En Italie, dans le cadre d’un bail-in mis en œuvre en novembre 2015 qui n’avait pourtant pas atteint les obligations seniors, de nombreux petits épargnants ont été touchés et l’un d’eux s’est même suicidé. Pensez-vous que le bail-in va être accepté par les opinions publiques ?
Ces petits épargnants italiens n’avaient pas conscience des risques pris au travers de leurs placements. L’Italie présente une situation particulière : beaucoup d’obligations subordonnées ont été vendues par des banques à des particuliers comme produits d’épargne. Heureusement, ces ventes n’ont pour l’essentiel plus lieu, mais il reste un stock important de dette subordonnée, ce qui fait du bail-in un sujet politiquement très sensible.
Un bail-in touchant les obligations seniors est-il envisageable en Italie ?
Le bail-in de novembre 2015 pouvait épargner les porteurs d’obligations seniors, car la clause correspondante de BRRD imposant des pertes sur celles-ci n’est entrée en vigueur que le 1er janvier 2016. Aujourd’hui, si un cas identique se présentait, le renflouement interne toucherait les dettes seniors, ce qui pourrait avoir des effets dévastateurs car nombre de ménages italiens en détiennent, là encore à la suite d’efforts de placement par les banques de leur propre dette à leurs clients particuliers. Le scénario d’un bail-in des dettes seniors n’est pas à exclure, car il y a probablement encore des banques malades en Italie. Il existe donc une grande appréhension au sein de la classe politique de ce pays face au bail-in.
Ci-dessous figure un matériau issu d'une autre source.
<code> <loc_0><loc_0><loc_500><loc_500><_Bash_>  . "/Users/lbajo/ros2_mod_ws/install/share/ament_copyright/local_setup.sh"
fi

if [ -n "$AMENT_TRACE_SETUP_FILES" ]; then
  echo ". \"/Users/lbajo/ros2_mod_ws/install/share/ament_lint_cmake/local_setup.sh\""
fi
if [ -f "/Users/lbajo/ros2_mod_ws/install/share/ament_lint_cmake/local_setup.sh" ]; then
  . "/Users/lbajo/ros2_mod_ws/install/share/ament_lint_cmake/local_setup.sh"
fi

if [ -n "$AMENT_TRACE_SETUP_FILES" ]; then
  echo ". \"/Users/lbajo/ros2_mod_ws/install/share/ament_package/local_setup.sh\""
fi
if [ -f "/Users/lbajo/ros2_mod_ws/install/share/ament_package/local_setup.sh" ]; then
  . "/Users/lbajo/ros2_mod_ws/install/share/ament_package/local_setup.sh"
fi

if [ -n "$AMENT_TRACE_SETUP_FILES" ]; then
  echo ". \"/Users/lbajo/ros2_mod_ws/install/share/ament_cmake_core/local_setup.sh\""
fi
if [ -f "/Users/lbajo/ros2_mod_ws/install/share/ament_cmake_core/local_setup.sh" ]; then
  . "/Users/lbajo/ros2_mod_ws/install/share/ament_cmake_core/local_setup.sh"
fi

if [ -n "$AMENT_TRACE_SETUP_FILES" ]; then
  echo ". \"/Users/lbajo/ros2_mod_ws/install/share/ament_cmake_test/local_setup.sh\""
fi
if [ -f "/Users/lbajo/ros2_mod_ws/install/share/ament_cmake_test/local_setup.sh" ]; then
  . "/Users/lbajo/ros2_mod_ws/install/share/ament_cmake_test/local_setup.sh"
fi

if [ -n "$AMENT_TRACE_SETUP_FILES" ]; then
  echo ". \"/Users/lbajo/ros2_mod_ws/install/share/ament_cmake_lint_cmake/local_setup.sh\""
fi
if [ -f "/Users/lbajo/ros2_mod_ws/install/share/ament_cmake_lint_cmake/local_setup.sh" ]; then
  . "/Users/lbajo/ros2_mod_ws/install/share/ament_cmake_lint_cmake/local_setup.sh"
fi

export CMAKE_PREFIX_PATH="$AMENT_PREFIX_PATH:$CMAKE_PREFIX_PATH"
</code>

Le gouverneur de la Banque d’Italie n’a-t-il pas exprimé son hostilité face au bail-in ?
En effet, il demande un délai pour la mise en œuvre de cette procédure. Ces déclarations déroutent les investisseurs, qui ne savent pas à quoi s’en tenir. Elles sont également étonnantes dans la mesure où l’Italie a voté BRRD, qui a d’ailleurs été adoptée à l’unanimité en 2014.
Tant que l’information des petits épargnants n’est pas correcte, en d’autres termes, tant que MIF n’est pas respectée, n’est-il pas prématuré d’appliquer le bail-in ?
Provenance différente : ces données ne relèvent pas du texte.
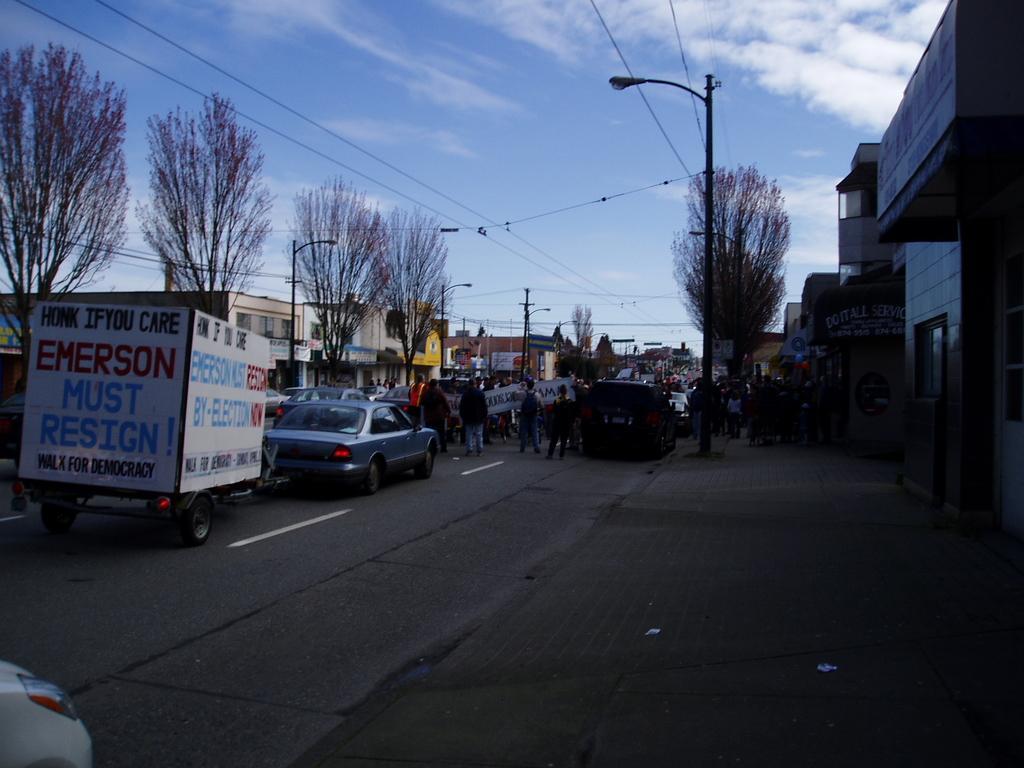How would you summarize this image in a sentence or two? In this image we can see motor vehicles on the road, people standing on the road and holding advertisements in their hands, street poles, street lights, electric poles, electric cables, buildings, name boards, trees and sky with clouds.

Les manquements passés au respect de MIF, s’ils sont avérés, sont regrettables et doivent être corrigés, mais ils ne retirent rien à la force juridique du bail-in qui doit donc s’appliquer même en cas d’infraction à MIF. En revanche, les gouvernements peuvent aider certains ménages qui ont pâti des mauvaises pratiques commerciales des banques, notamment les plus démunis. C'est ce que vient de faire l'Italie et ce qu'a fait l'Espagne en 2012.
N’est-il pas excessif d’inclure les dépôts dans la procédure de bail-in ?
Il est assez peu probable que les dépôts des particuliers soient atteints par un bail-in dans un avenir proche. BRRD permet d'exclure certains passifs du bail-in, pour éviter des conséquences systémiques. Aux États-Unis, la garantie qui est de 250 000 dollars a été déplafonnée au moment de la panique d’octobre 2008. Ainsi, les déposants américains n’ont rien perdu lors de la crise financière.
Ne fallait-il pas attendre que les caisses du Fonds de résolution unique soient davantage remplies et que les ratios MREL et TLAC soient opérationnels pour mettre en œuvre le bail-in ?
Nous sommes dans une période de transition qui est nécessairement douloureuse. Mais ce n’est pas un argument pour repousser indéfiniment l’échéance du bail-in. Celui-ci est préférable au bail-out, car il préserve l’argent des contribuables et surtout contribue à rompre le lien entre les banques et leurs souverains. N’oublions pas que ce lien a joué un rôle moteur dans la crise de la zone euro, le soutien aux banques pouvant rendre exsangues les finances publiques de certains pays (comme l’Irlande).
Pour rompre ce lien, le bail-in est incontournable, mais il ne sera pas forcément toujours nécessaire d’utiliser cette procédure dans son intégralité, en fonction des circonstances des crises bancaires futures.
Avez-vous une critique à émettre à l’égard du bail-in ?
La façon dont le bail-in sera mis en œuvre est rendue plus incertaine que nécessaire en raison de l’implication discrétionnaire des États (via les autorités nationales de résolution) dans le processus de prise de décision en matière de résolution. La frontière entre ce qui relève, d’une part, des autorités nationales et, d’autre part, du Conseil de résolution unique est très floue.
Autre objection : les droits des faillites sont différents dans les différents États membres, alors que la résolution prévue dans BRRD est définie comme une alternative préférable, pour tous les ayants droit, à une faillite judiciaire. Les uns après les autres, les États réforment leur législation sur les faillites bancaires, mais sans cohérence entre eux. Ce paramètre apporte lui aussi de l’incertitude sur la façon dont sera mis en œuvre le bail-in.